Risk factors for osteoporosis in Caucasian patients with moderate chronic obstructive pulmonary disease: a case control study.

机构信息

Department of Respiratory Medicine, Catharina Hospital Eindhoven, Eindhoven, The Netherlands.

出版信息

Bone. 2012 Jun;50(6):1234-9. doi: 10.1016/j.bone.2012.02.638. Epub 2012 Mar 9.

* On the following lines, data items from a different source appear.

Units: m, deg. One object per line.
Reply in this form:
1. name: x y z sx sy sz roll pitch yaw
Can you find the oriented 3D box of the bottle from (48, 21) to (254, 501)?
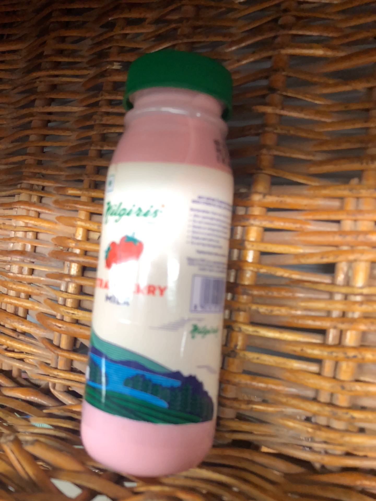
1. bottle: -0.011 0.003 0.154 0.050 0.040 0.150 3 87 24
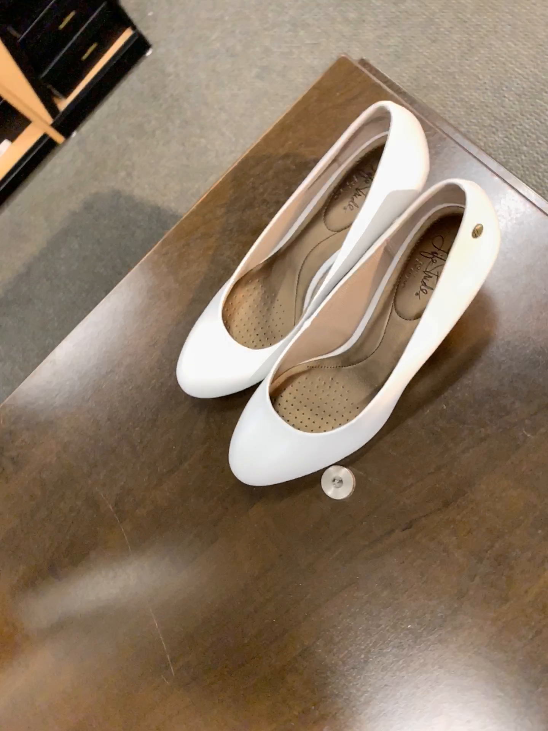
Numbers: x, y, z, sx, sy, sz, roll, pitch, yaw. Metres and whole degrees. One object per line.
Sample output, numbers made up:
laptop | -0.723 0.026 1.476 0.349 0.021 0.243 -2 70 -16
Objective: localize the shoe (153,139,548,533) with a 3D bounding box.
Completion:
shoe | 0.057 -0.009 0.401 0.260 0.110 0.090 -44 70 7

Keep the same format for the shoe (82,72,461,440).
shoe | 0.004 -0.064 0.421 0.260 0.110 0.090 -41 70 8
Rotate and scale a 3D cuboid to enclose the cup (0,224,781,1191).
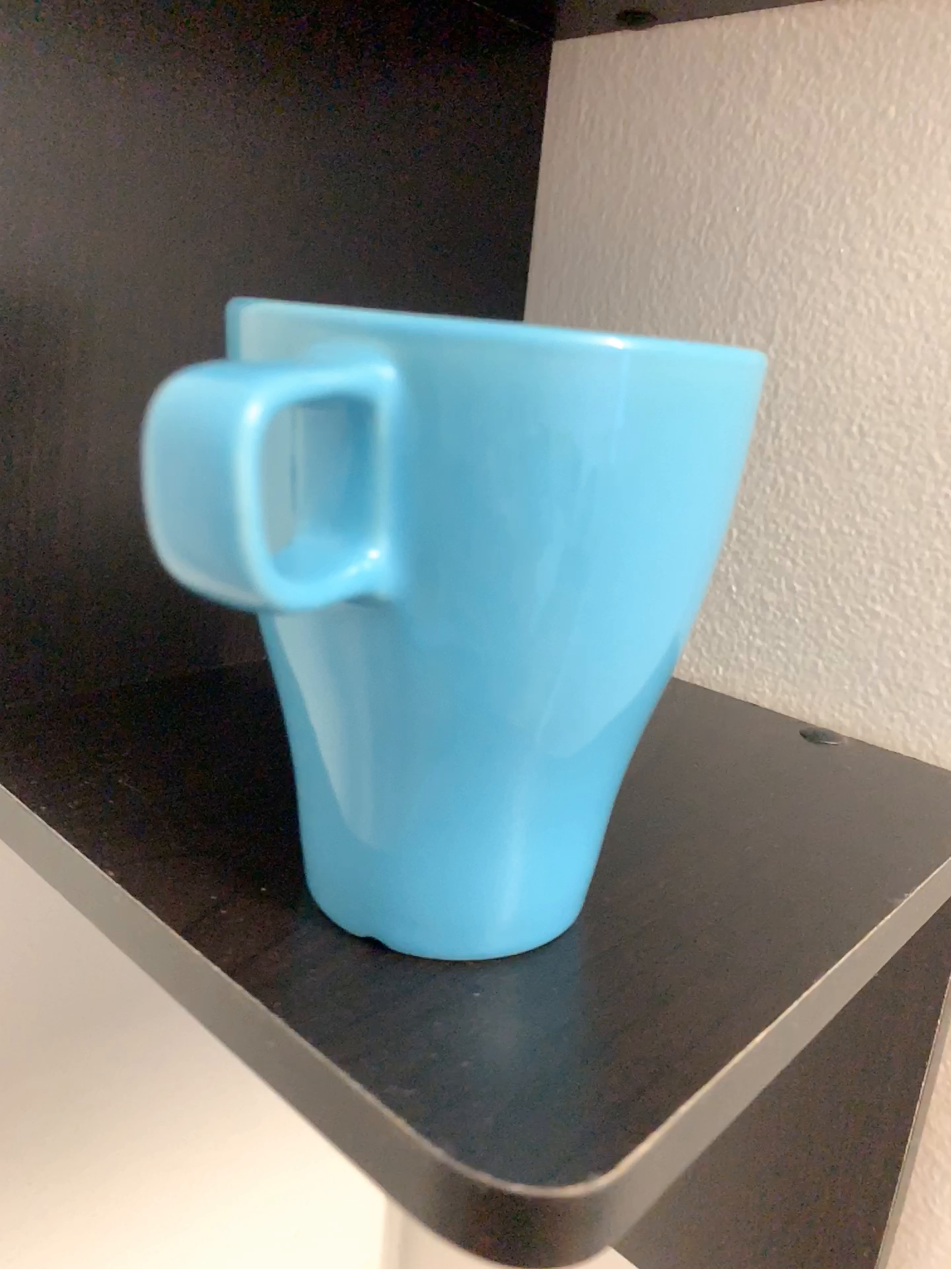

DOI:10.1016/j.bone.2012.02.638
PMID:22426499
Abstract

The prevalence of osteoporosis is high in chronic obstructive pulmonary disease (COPD) patients. The gold standard for the diagnosis of osteoporosis is bone mineral density (BMD) measurements as assessed by dual energy absorptiometry (DXA) scanning as well as vertebral fractures as assessed by instant vertebral assessment (IVA). The aim of this study was to compare COPD GOLD II patients (that is, patients with moderate COPD, stage II, according to the GOLD classification) with osteoporosis (cases) to COPD GOLD II patients without osteoporosis (controls) to identify risk factors for osteoporosis. The diagnosis of osteoporosis was based on BMD and vertebral fractures. Cases (n=49) were matched for gender, age and forced expiratory volume in the first second to controls (n=49). We assessed pulmonary function, body composition, vitamin D, emphysema score (by high-resolution computer tomography), medical history and medication use in all patients. Variables that were significantly different between the cases and controls were included in a logistic regression analysis. COPD patients with osteoporosis had a significantly lower body mass index (BMI) and higher residual volume as the percentage of total lung capacity (RV%TLC) compared to COPD patients without osteoporosis. Decreasing BMI and increasing RV%TLC increased the odds ratio for osteoporosis. Overweight and obese BMI values were protective for osteoporosis. Screening for osteoporosis should be performed even in moderate COPD patients, especially in those with a low BMI and/or a high RV%TLC.

摘要

慢性阻塞性肺疾病(COPD)患者骨质疏松症的患病率很高。骨质疏松症的金标准诊断是通过双能吸收法(DXA)扫描评估的骨矿物质密度(BMD)测量,以及通过即时椎体评估(IVA)评估的椎体骨折。本研究的目的是比较 COPD GOLD II 患者(即根据 GOLD 分类,中度 COPD,II 期)与骨质疏松症(病例)和没有骨质疏松症的 COPD GOLD II 患者(对照),以确定骨质疏松症的危险因素。骨质疏松症的诊断基于 BMD 和椎体骨折。根据性别、年龄和第一秒用力呼气量(FEV1),将病例(n=49)与对照组(n=49)匹配。我们评估了所有患者的肺功能、身体成分、维生素 D、肺气肿评分(通过高分辨率计算机断层扫描)、病史和药物使用情况。病例和对照组之间有显著差异的变量被纳入逻辑回归分析。与没有骨质疏松症的 COPD 患者相比,患有骨质疏松症的 COPD 患者的体重指数(BMI)明显较低,残气量占肺总量的百分比(RV%TLC)较高。BMI 降低和 RV%TLC 增加都会增加骨质疏松症的比值比。超重和肥胖 BMI 值对骨质疏松症有保护作用。即使在中度 COPD 患者中,也应该进行骨质疏松症筛查,特别是在 BMI 较低和/或 RV%TLC 较高的患者中。